La conformità rappresenta un meccanismo critico alla base della resistenza al paradigma. Gli esperimenti fondamentali di Asch (1951) dimostrarono che i partecipanti si conformavano a giudizi di maggioranza errati anche quando la risposta corretta era ovvia (Capuano & Chekroun, 2024). Queste tendenze psicologiche si manifestano con forza all’interno delle comunità scientifiche attraverso vari canali istituzionali. Comitati editoriali, panel di revisione paritaria e comitati di finanziamento — tipicamente dominati da ricercatori legati a paradigmi consolidati — creano barriere sistematiche contro ipotesi non convenzionali. Come hanno scoperto Siler et al. (2015 nella loro analisi di 1.008 manoscritti inviati a tre riviste mediche d’élite, i manoscritti respinti in fase di valutazione preliminare (ritenuti non meritevoli di revisione paritaria dai redattori) hanno ricevuto meno citazioni rispetto a quelli inviati per la revisione paritaria, e tutti e 14 gli articoli più citati sono stati inizialmente respinti, con 12 che sono stati respinti in fase di valutazione preliminare.

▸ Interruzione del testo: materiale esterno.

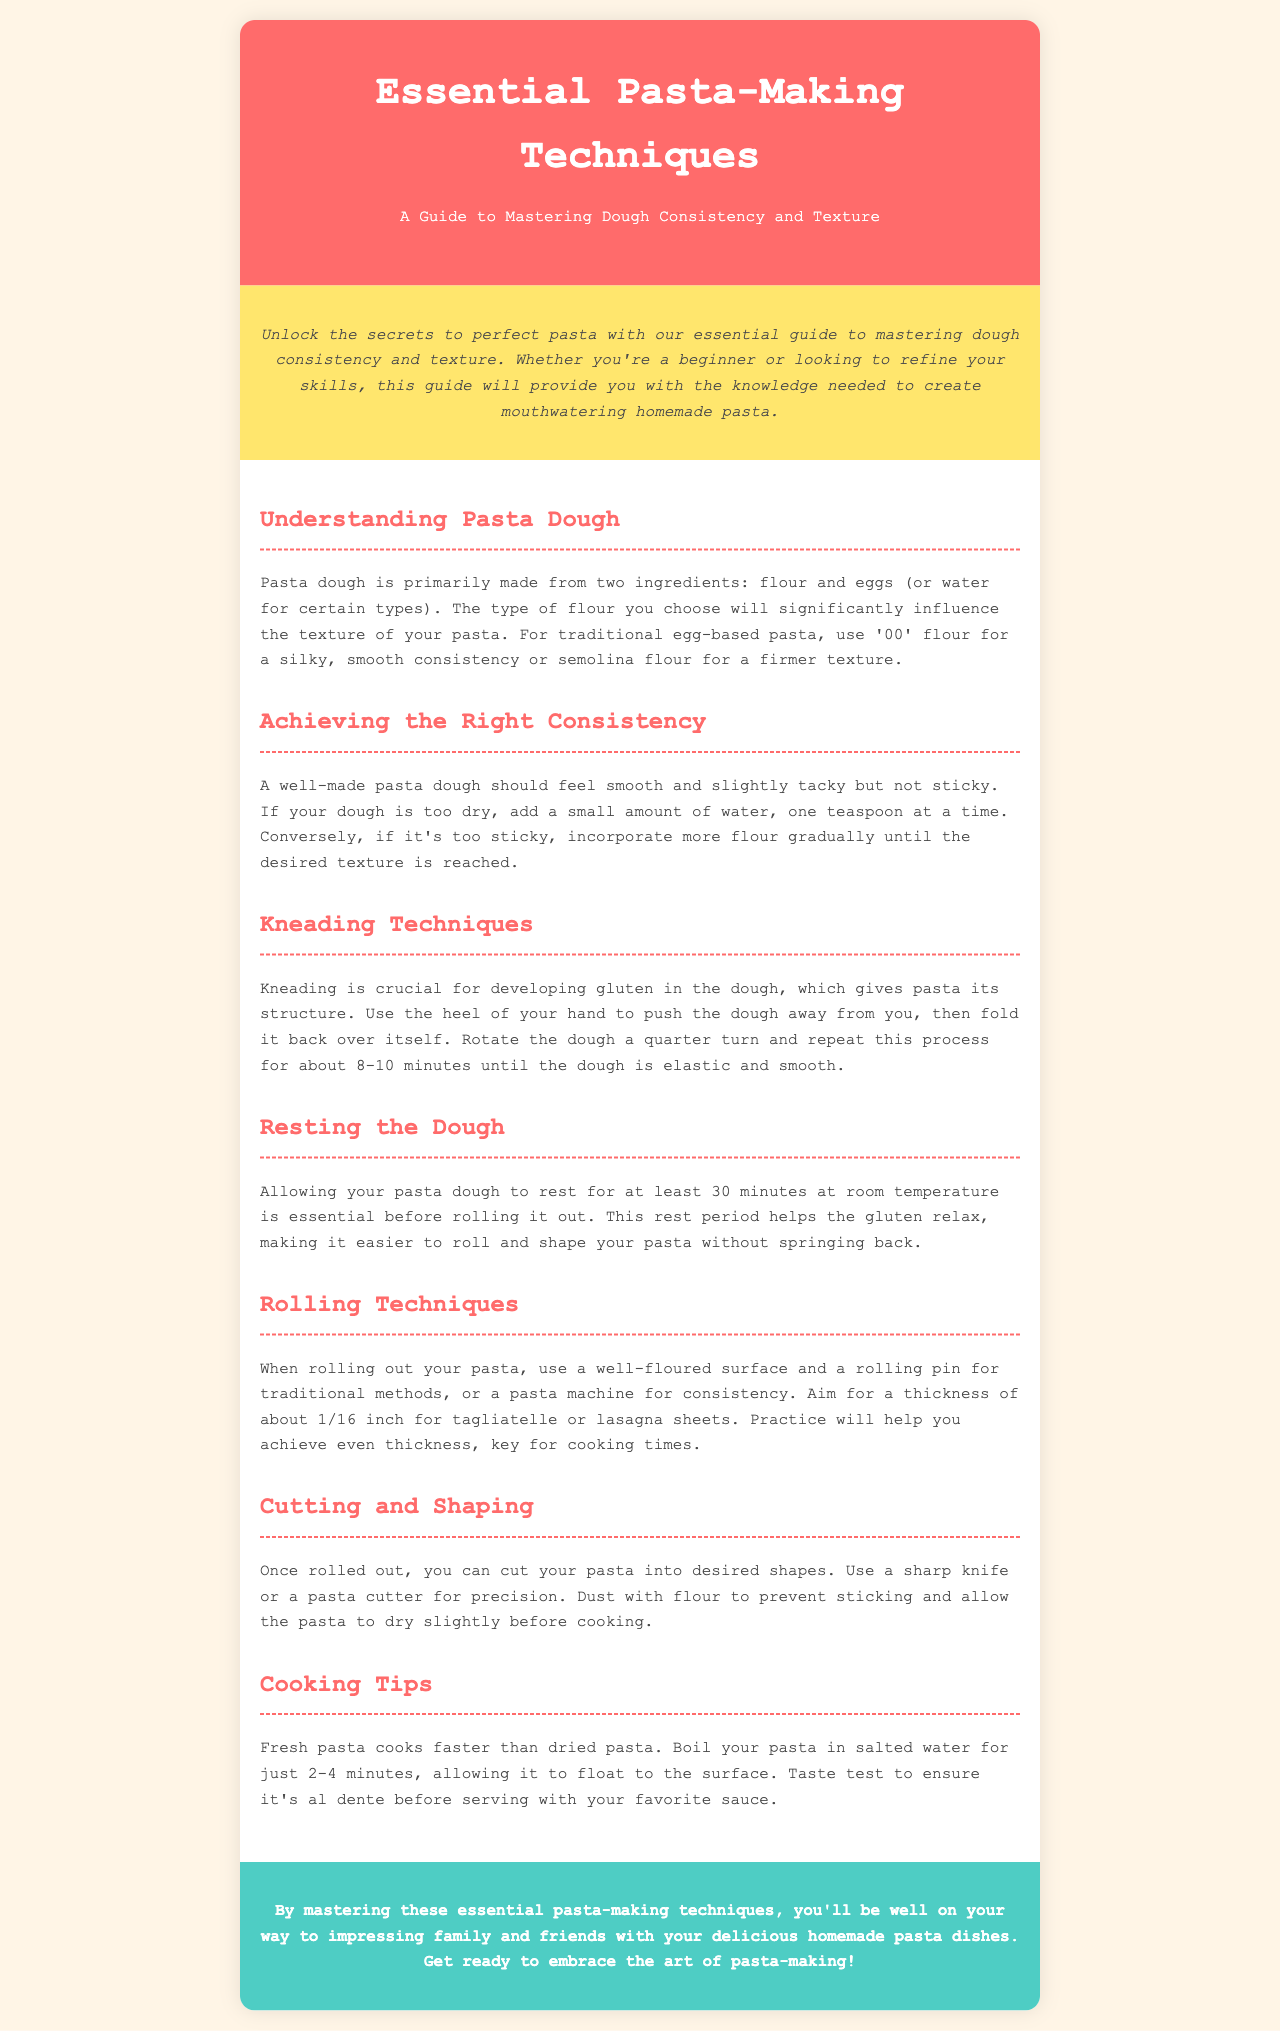What are the two primary ingredients of pasta dough? The primary ingredients of pasta dough are listed in the section "Understanding Pasta Dough" as flour and eggs (or water for certain types).
Answer: flour and eggs What type of flour is recommended for a silky, smooth consistency? The document specifies in the "Understanding Pasta Dough" section that '00' flour is recommended for silky, smooth consistency.
Answer: '00' flour How long should pasta dough rest before rolling out? In the "Resting the Dough" section, it is mentioned that pasta dough should rest for at least 30 minutes at room temperature.
Answer: 30 minutes What is the thickness target for tagliatelle sheets? The "Rolling Techniques" section states that the target thickness for tagliatelle sheets is about 1/16 inch.
Answer: 1/16 inch What does kneading help develop in pasta dough? The "Kneading Techniques" section explains that kneading is crucial for developing gluten in the dough.
Answer: gluten Describe the cooking time for fresh pasta. The "Cooking Tips" section mentions that fresh pasta cooks for just 2-4 minutes.
Answer: 2-4 minutes Why is it important to dust cut pasta with flour? The "Cutting and Shaping" section advises dusting pasta with flour to prevent sticking.
Answer: to prevent sticking Which technique is essential for achieving the right dough consistency? The "Achieving the Right Consistency" section highlights that adding water or flour gradually is essential for achieving the right consistency.
Answer: adding water or flour gradually What type of document is this? This document is a guide specifically for mastering pasta-making techniques.
Answer: brochure 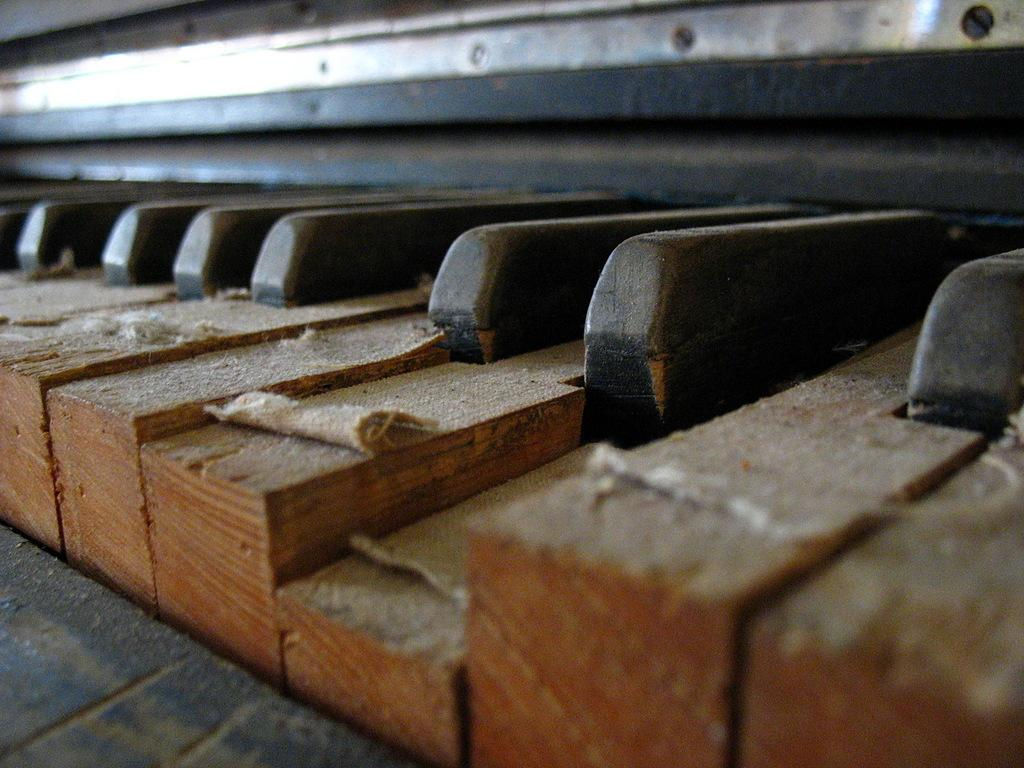What type of instrument is in the image? There is a wooden piano in the image. What feature of the piano is visible in the image? The piano has keys. How many pizzas are placed on top of the piano in the image? There are no pizzas present in the image; it features a wooden piano with keys. What type of cloth is draped over the piano in the image? There is no cloth draped over the piano in the image; it is a wooden piano with keys. 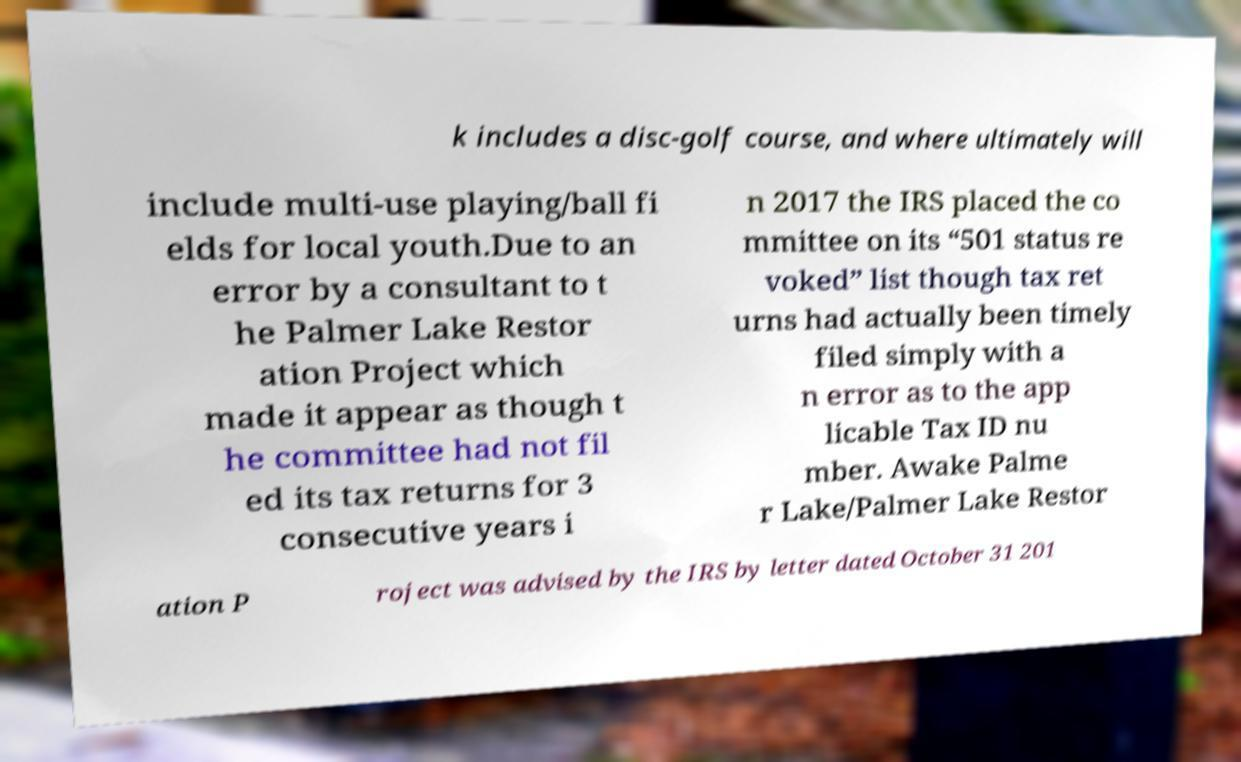There's text embedded in this image that I need extracted. Can you transcribe it verbatim? k includes a disc-golf course, and where ultimately will include multi-use playing/ball fi elds for local youth.Due to an error by a consultant to t he Palmer Lake Restor ation Project which made it appear as though t he committee had not fil ed its tax returns for 3 consecutive years i n 2017 the IRS placed the co mmittee on its “501 status re voked” list though tax ret urns had actually been timely filed simply with a n error as to the app licable Tax ID nu mber. Awake Palme r Lake/Palmer Lake Restor ation P roject was advised by the IRS by letter dated October 31 201 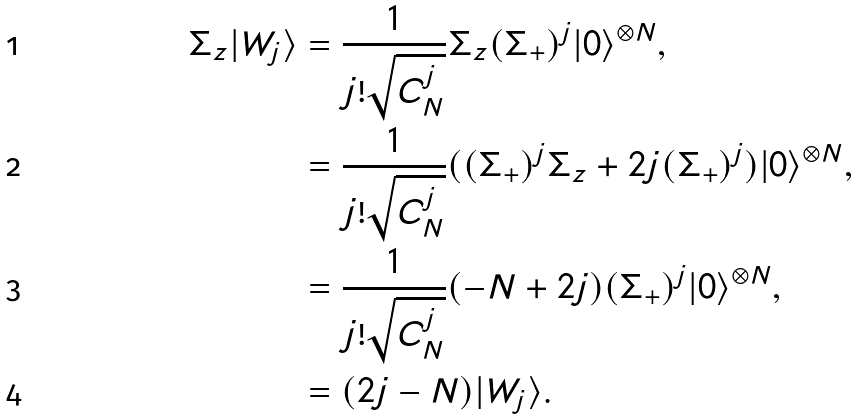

L’influenza di tale omogeneità istituzionale trascende il semplice pregiudizio esplicito. I modelli di epistemologia di rete di Weatherall e O’Connor (2021) rivelano che la conformità nelle reti scientifiche può impedire la formazione di un consenso accurato e portare a una polarizzazione stabile. Questi quadri teorici condivisi tra i gatekeeper generano criteri di valutazione che svantaggiano intrinsecamente nuovi approcci esplicativi. Clark et al. (2023) hanno scoperto che il 91% degli scienziati statunitensi dichiara di autocensurarsi nelle proprie convinzioni empiriche in pubblicazioni, riunioni, presentazioni o sui social media, con il 25% che ritiene “molto” o “estremamente” probabile autocensurarsi nelle pubblicazioni accademiche.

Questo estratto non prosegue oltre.